Selon le Séfer Yeréïm et certains autres décisionnaires, si l’on avait soif pendant le repas, mais que l’on n’ait pas bu, on a certes l’obligation de dire le Birkat hamazon, mais non point de par la Torah ; car, selon Rabbi Méïr, l’expression vé-akhalta (« tu mangeras », dans le verset-source, Dt 8, 10) vise la consommation de nourriture solide dans une mesure minimale d’un kazaït, tandis que vé-sava’ta (« tu te rassasieras ») vise la boisson. Selon cela, celui qui s’apprête à dire le Birkat hamazon fera donc bien de ne pas être assoiffé, afin d’avoir le mérite d’accomplir, de l’avis de tous, la mitsva au degré toranique. Le Rema 197, 3 tient compte de cette opinion, puisque, selon lui, celui qui avait soif pendant le repas mais n’a point bu ne devra pas, a priori, acquitter de son obligation son prochain qui, lui, a bu. Il se peut que le Séfer Yeréïm vise spécialement la boisson alcoolisée : celui qui aurait voulu en boire au cours du repas et n’en aurait point bu ne serait pas rassasié parfaitement, et ne serait pas tenu, toraniquement, de réciter le Birkat hamazon.

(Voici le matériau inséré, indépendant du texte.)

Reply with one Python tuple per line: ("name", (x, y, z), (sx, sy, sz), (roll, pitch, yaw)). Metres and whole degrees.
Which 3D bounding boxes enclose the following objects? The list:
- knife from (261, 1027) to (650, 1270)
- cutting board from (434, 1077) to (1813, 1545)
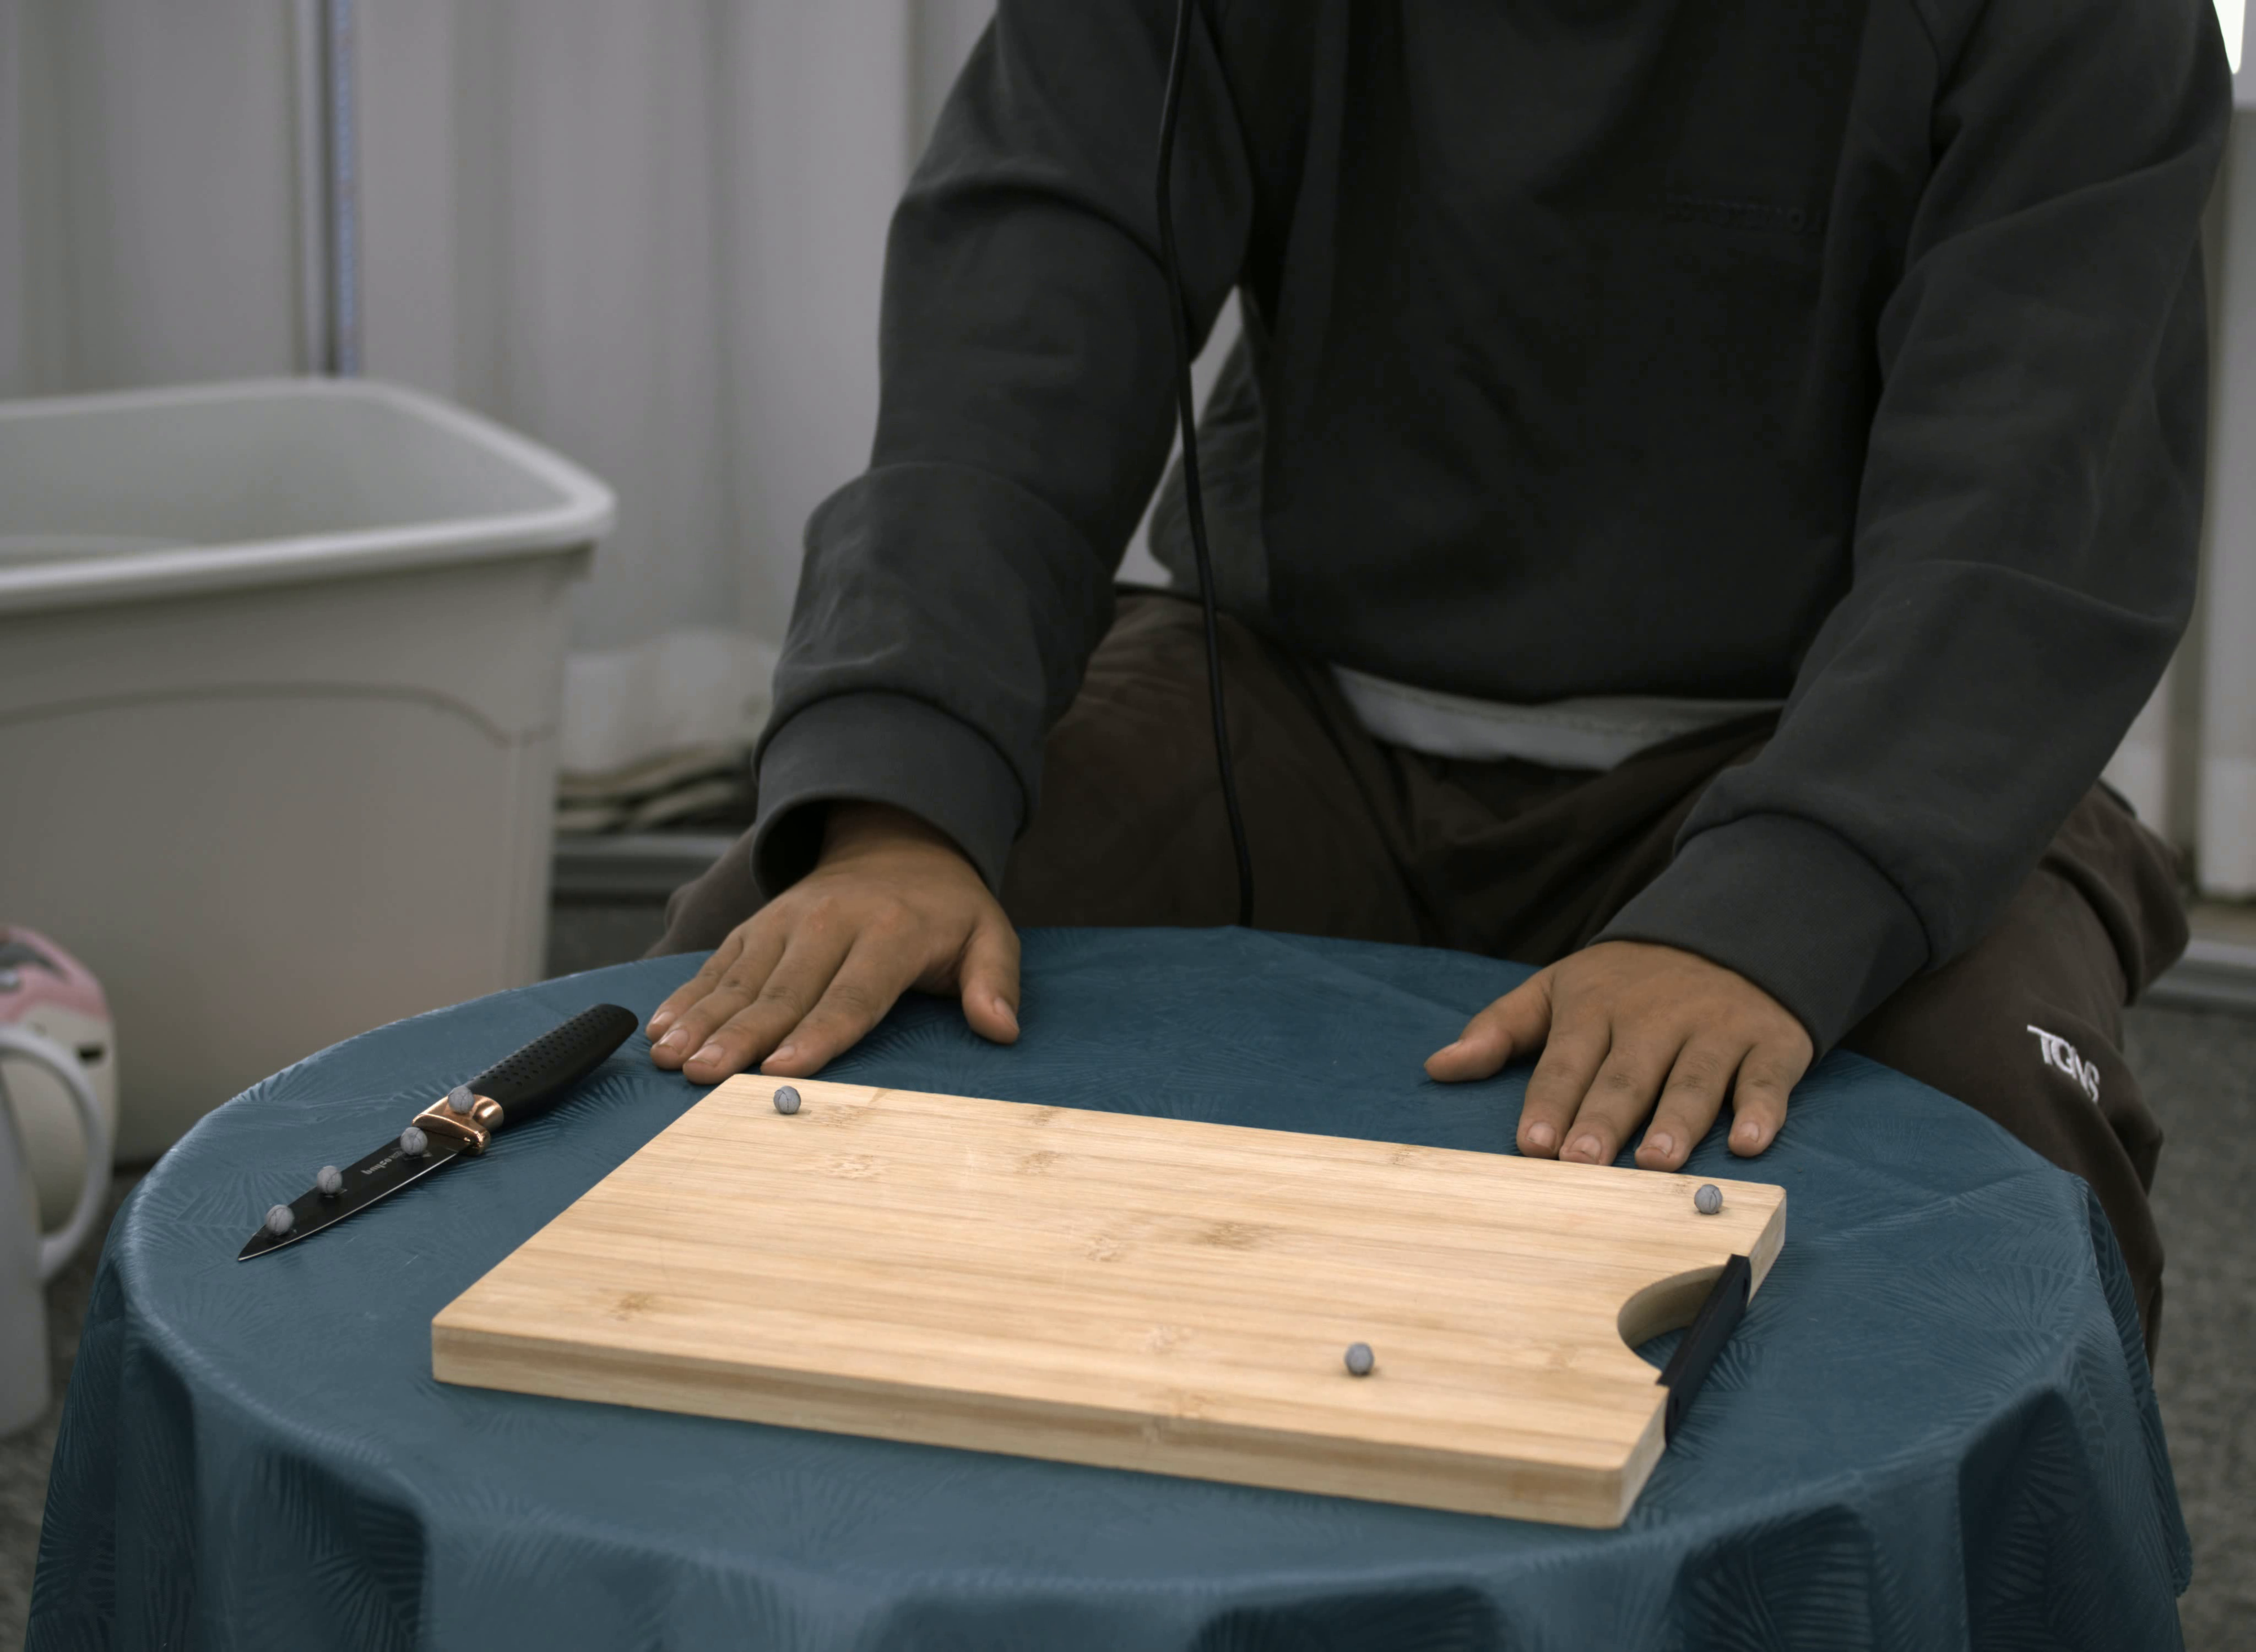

Celui qui répète le Birkat hamazon parce qu’il ne sait plus s’il l’a ou non récité, répètera aussi la bénédiction Hatov vé-hamétiv (Maguen Avraham 184, 7, Michna Beroura 13).
[8]. La question de savoir si les femmes sont toraniquement obligées au Birkat hamazon, comme le sont les hommes, ou seulement à un degré rabbinique, est posée dans la Guémara Berakhot 20b. La question se pose en raison du fait que les femmes n’ont pas eu part au partage de la terre d’Israël [celle-ci fut partagée entre tribus et maisons paternelles] (Rachi) ; ou bien en raison du fait que la mention des mots alliance (berit) et Torah conditionne la validité du Birkat hamazon (comme on l’apprend en Berakhot 49a) – or les femmes ne sont pas assujetties à la mitsva de la berit mila ni à l’obligation d’étude de la Torah (Tossephot).
Les Richonim sont partagés quant à la conclusion de ce passage de Guémara. Selon le Rif, le Raavad, Na‘hmanide et d’autres, les femmes sont obligées par la Torah même. Selon Maïmonide, le Roch, les disciples de Rabbénou Yona et de nombreux autres, la chose est incertaine. D’un point de vue halakhique, lorsqu’une femme est rassasiée et n’est plus sûre d’avoir ou non récité le Birkat hamazon, le Cha‘aré Ephraïm, le ‘Hayé Adam et le Maguen Guiborim estiment qu’elle doit le répéter. Selon Rabbi Aqiba Eiger, le Birké Yossef et le Ye‘havé Da‘at VI 10, elle ne le répétera pas. En pratique, elles sont autorisées à le répéter (Michna Beroura 186, 3).